What to work on:
For the records below, count the lines containing the word "Horizontal" and reply with the number alone.

Input for this task:
○ ○ ○ ○
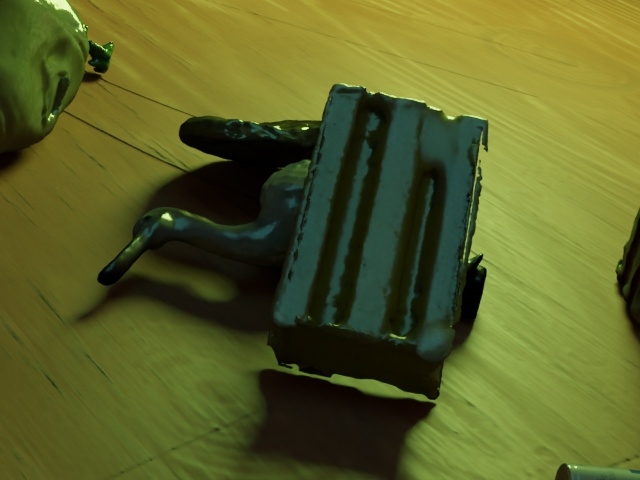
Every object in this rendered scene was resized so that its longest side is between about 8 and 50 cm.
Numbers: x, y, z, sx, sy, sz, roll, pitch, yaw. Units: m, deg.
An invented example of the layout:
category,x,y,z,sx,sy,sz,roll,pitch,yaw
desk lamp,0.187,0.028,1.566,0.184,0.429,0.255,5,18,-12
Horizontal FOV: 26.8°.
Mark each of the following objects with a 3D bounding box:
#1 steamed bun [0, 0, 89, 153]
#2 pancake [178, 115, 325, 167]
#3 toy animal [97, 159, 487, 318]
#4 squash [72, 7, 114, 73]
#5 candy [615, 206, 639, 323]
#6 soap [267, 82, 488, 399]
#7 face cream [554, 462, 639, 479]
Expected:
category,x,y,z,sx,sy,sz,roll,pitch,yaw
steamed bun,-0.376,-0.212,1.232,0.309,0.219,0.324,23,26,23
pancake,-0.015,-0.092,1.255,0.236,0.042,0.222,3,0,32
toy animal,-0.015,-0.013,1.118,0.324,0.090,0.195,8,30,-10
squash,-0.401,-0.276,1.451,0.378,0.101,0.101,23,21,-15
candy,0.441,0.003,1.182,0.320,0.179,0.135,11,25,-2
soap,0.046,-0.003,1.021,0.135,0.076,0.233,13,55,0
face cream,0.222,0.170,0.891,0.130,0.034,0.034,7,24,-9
○ ○ ○ ○
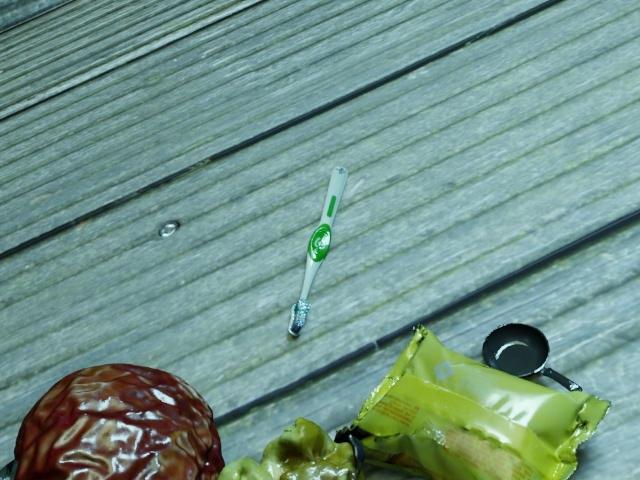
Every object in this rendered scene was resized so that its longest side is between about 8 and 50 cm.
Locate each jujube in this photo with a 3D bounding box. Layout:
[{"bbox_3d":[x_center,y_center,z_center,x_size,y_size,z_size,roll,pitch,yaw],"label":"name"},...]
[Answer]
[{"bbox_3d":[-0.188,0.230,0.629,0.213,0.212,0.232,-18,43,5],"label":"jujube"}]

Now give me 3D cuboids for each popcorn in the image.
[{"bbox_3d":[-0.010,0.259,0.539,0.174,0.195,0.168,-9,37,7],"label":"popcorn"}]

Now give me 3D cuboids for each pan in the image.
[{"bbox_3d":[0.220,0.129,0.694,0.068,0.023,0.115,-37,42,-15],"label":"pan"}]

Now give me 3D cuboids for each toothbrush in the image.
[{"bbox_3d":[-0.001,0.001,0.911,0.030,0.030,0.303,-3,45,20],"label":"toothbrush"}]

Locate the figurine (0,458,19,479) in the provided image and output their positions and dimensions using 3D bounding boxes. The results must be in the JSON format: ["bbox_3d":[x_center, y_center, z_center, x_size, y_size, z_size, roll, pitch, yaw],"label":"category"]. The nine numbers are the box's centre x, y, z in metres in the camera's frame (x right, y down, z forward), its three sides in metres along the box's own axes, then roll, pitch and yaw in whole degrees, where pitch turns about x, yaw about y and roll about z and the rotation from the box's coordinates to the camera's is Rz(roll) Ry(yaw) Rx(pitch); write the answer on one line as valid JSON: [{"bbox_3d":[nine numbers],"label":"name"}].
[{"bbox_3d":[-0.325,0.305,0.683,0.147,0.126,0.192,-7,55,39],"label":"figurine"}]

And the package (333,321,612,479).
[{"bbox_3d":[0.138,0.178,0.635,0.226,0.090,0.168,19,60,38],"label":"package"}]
○ ○ ○ ○
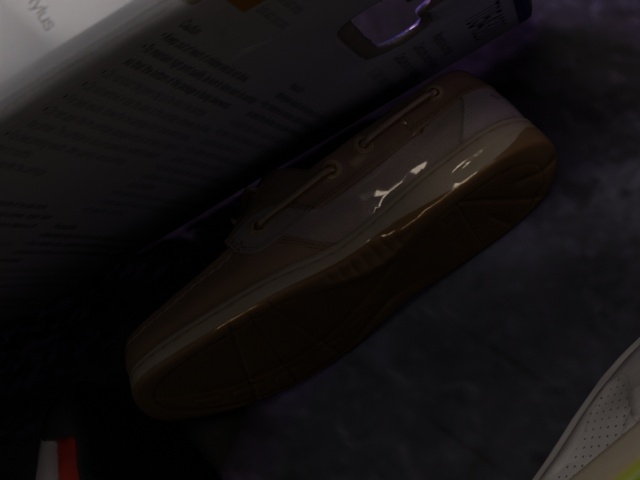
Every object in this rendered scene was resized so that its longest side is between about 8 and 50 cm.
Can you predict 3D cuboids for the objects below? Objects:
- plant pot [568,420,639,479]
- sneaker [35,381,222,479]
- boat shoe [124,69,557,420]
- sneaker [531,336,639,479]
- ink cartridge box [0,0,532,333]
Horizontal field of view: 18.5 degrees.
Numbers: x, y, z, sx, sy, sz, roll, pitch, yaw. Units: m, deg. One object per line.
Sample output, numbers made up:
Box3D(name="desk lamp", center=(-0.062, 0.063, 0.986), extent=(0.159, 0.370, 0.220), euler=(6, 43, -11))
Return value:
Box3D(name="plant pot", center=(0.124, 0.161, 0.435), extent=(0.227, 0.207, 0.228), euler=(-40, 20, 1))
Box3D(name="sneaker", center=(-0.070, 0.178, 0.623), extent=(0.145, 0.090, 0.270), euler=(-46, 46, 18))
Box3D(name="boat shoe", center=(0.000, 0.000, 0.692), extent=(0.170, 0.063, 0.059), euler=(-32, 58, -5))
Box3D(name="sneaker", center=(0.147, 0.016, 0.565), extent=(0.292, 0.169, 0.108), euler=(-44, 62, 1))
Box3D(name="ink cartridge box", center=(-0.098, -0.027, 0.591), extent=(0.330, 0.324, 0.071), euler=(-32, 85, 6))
○ ○ ○ ○
Finished exercise:
2